French Guiana Division d'Honneur
- Season: 2010–11
- Champions: Matoury
- Relegated: Olympique Cayenne Balata Abriba
- Coupe de France: Matoury

= 2010–11 French Guiana Division d'Honneur =

The 2010–11 French Guiana Division d'Honneur was the 38th season of the top tier of football in Guyana. The champions were US Matoury who won their third league title, and their first since 2005–06.

==Changes from 2009–10==
- Cosma Foot and Olympique Cayenne were relegated to the French Guiana Promotion d'Honneur.
- EF Iracoubo and ASC Black Stars were promoted to the Championnat National

== Table ==

| Pos | Team | Pld | W | D | L | GF | GA | GD | Pts | Qualification or relegation |
| 1 | Matoury (C) | 22 | 16 | 4 | 2 | 60 | 17 | +43 | 74 | 2011–12 Coupe de France |
| 2 | Le Geldar | 22 | 14 | 4 | 4 | 36 | 13 | +23 | 68 |  |
| 3 | CSC de Cayenne | 22 | 10 | 8 | 4 | 40 | 26 | +14 | 60 |
| 4 | Sinnamary | 22 | 10 | 6 | 6 | 35 | 27 | +8 | 58 |
| 5 | Macouria | 22 | 10 | 5 | 7 | 24 | 21 | +3 | 57 |
| 6 | Saint-Georges | 22 | 9 | 5 | 8 | 30 | 28 | +2 | 54 |
| 7 | ASC Black Stars | 22 | 8 | 8 | 6 | 27 | 22 | +5 | 54 |
| 8 | Agouado | 22 | 6 | 4 | 12 | 37 | 45 | −8 | 44 |
| 9 | Remire | 22 | 4 | 9 | 9 | 25 | 36 | −11 | 43 |
| 10 | Iracoubo | 22 | 6 | 3 | 13 | 30 | 44 | −14 | 43 |
| 11 | Olympique Cayenne (R) | 22 | 4 | 8 | 10 | 19 | 41 | −22 | 42 | Relegation to 2011–12 French Guiana Promotion d'Honneur |
| 12 | Balata Abriba (R) | 22 | 2 | 2 | 18 | 14 | 57 | −43 | 30 |

== Related competitions ==

=== Coupe de France ===

As winners of the 2009–10 French Guiana Championnat National, ASC Le Geldar earned a berth in the overseas bracket in the seventh round proper of the Coupe de France. Le Geldar played amateur French side, FC Martigues and lost 2–0.

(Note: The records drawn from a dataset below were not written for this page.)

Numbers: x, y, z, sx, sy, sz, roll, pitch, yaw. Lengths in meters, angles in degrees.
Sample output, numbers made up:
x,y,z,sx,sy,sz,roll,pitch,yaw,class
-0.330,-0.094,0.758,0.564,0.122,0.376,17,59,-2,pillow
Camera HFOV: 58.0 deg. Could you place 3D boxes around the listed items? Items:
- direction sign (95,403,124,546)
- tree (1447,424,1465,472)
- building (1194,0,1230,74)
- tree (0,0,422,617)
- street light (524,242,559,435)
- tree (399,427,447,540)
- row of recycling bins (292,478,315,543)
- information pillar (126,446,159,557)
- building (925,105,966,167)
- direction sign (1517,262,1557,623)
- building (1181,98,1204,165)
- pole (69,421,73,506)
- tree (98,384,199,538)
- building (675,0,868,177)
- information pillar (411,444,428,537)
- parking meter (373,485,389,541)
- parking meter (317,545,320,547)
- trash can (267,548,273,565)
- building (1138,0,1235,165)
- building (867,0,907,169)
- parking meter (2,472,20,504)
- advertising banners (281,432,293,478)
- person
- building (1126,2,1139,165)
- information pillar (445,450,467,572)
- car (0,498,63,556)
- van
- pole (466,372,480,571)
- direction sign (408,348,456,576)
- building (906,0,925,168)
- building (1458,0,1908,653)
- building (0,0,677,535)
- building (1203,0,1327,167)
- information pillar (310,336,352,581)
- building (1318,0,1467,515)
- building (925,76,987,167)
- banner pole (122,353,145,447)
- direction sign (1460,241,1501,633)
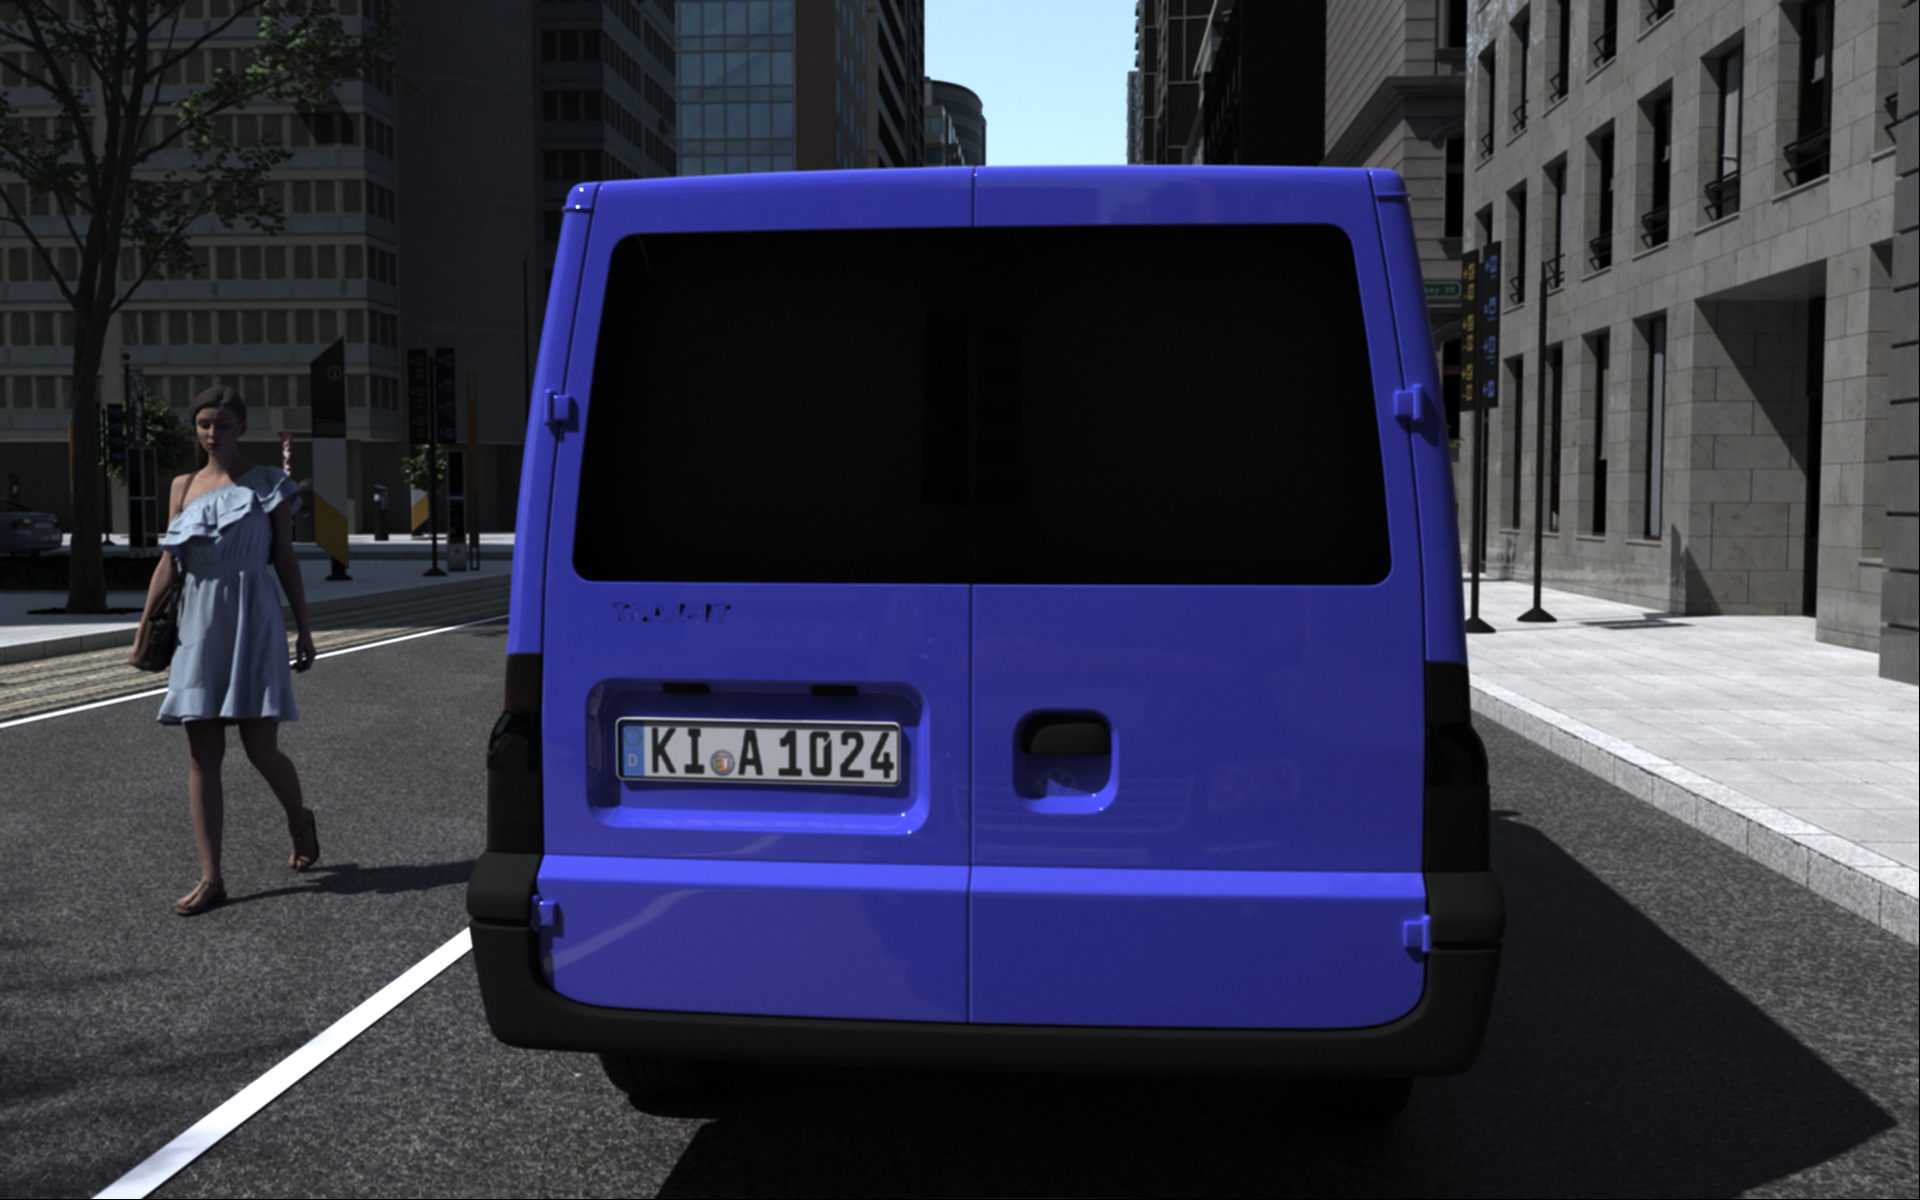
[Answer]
x,y,z,sx,sy,sz,roll,pitch,yaw,class
-21.321,-3.133,43.220,0.876,3.537,0.379,-3,5,-43,direction sign
6.402,-1.855,24.925,1.663,3.219,1.824,0,3,0,tree
30.607,-26.767,129.515,32.217,40.220,23.993,0,4,4,building
-9.242,-5.664,18.357,9.928,11.665,9.643,0,3,0,tree
-7.334,-3.605,31.476,1.470,5.913,1.316,0,4,4,street light
-15.049,-3.319,48.870,1.663,3.219,1.824,0,3,0,tree
-18.276,-2.392,46.228,3.534,1.692,1.069,2,4,30,row of recycling bins
-12.674,-1.368,26.865,0.304,2.012,0.304,1,4,17,information pillar
-10.715,-36.471,215.902,23.786,49.044,30.456,0,4,4,building
5.820,-1.552,17.369,0.379,3.537,0.876,1,4,19,direction sign
15.872,-14.224,81.711,9.793,20.994,18.267,0,4,4,building
-24.705,-3.330,48.297,0.158,3.312,0.155,0,3,0,pole
-24.237,-4.135,51.317,4.285,4.588,4.351,0,3,0,tree
-12.598,-27.014,91.790,14.600,45.320,14.200,0,4,4,building
-16.356,-3.731,52.359,0.504,3.616,0.183,-2,4,-30,information pillar
-15.870,-2.389,47.478,0.372,1.533,0.369,0,3,0,parking meter
-15.300,-2.038,41.730,0.372,1.533,0.369,0,3,0,parking meter
-12.798,-1.220,31.597,0.748,1.137,0.748,0,3,0,trash can
30.458,-47.519,215.179,20.563,71.187,20.611,0,4,4,building
-15.445,-30.697,125.599,21.300,48.544,21.600,0,4,4,building
-25.539,-2.504,46.647,0.255,1.863,0.399,1,4,8,parking meter
-19.728,-3.266,49.594,2.074,3.025,0.090,2,4,33,advertising banners
-2.628,0.146,6.200,0.616,1.811,0.778,0,4,7,person
33.417,-57.638,255.046,22.319,86.520,31.000,0,4,4,building
-8.367,-1.484,28.752,0.304,2.012,0.304,-1,4,-20,information pillar
-21.181,-1.476,36.129,4.499,1.417,2.014,0,4,4,car
0.263,-0.080,5.697,2.240,2.365,5.245,0,4,5,van
-8.170,-2.153,29.049,0.158,3.312,0.155,0,3,0,pole
-8.224,-2.143,27.028,0.876,3.537,0.379,1,4,23,direction sign
-11.741,-44.546,166.578,20.563,71.187,20.611,0,4,4,building
12.992,-10.090,19.729,10.420,20.320,16.860,0,4,4,building
-24.063,-22.805,64.743,32.217,40.220,23.993,0,4,4,building
15.666,-14.292,63.345,12.332,23.373,15.834,0,4,4,building
-9.312,-2.096,25.621,0.504,3.616,0.183,-3,4,-38,information pillar
21.616,-15.760,45.064,23.554,28.519,14.401,0,4,4,building
-7.451,-43.049,245.841,21.231,58.520,28.212,0,4,4,building
-14.588,-2.484,30.634,0.863,3.779,0.401,3,5,41,banner pole
4.787,-1.469,16.009,0.379,3.537,0.876,0,4,-4,direction sign

=== CFU Club Championship ===

For the 2011 edition of the CFU Club Championship, French Guiana was allowed to send two representatives to the tournament, but declined to participate.

=== CONCACAF Champions League ===

As no French Guiana clubs entered in the 2010 CFU Club Championship, no teams from the Championnat National played in the Champions League.